Alles Sehenswerte in Amriswil ist mit Wort und Bild aufgeführt. Ein Vierfarbenprospekt, der New York mit seiner «Big Apple»-Werbung in nichts nachsteht. Alles? Nein, das Weiherhüsli über dem Ziegeleiweiher fehlt. Dabei ist dieses Riegelhaus

mit dem vorgelagerten Garten und den farbenfrohen Blumen eine Augenweide. Sogar Busunternehmen machen für ihre Gäste oftmals einen Fotostopp am Weiher. Erbaut wurde das Kleinod 1923. Die damalige Umgebung des Ziegeleiweihers war, bedingt durch den Tonabbau, eine sumpfige Einöde. Kein einladender Ort und vom Dorf abgeschnitten. In jahrelanger Arbeit hat der Erbauer und spätere Ehrenbürger Lehrer Hermann Gremminger die Böschung des Weihers mit Unterstützung des Bauamts befestigt und den Stufengarten angelegt. So entstand allmählich das einmalige Bijou.

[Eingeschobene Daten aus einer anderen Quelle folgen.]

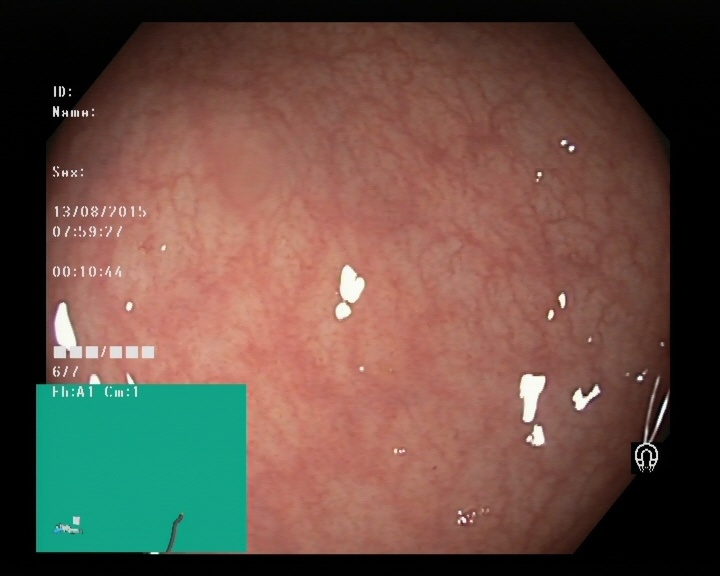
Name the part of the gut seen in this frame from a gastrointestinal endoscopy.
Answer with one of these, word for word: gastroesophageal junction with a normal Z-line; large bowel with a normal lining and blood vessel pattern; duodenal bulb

Offenbar musste sich die Familie Gremminger harsche Kritik gefallen lassen: «Allhier zum Weyerhüsli» steht über dem Hauseingang geschrieben, flankiert von den Versen: «Bhüet Gott das Hus zu aller Zit vor böse Müler Hass und Striit. En jede baut halt wie’s im gfallt. Die Wisheit isch scho zimlech alt. So lönd ihr Tadler s’ Hus in Rue, s’ isch üs, nöd eu. Drum laufed zue!»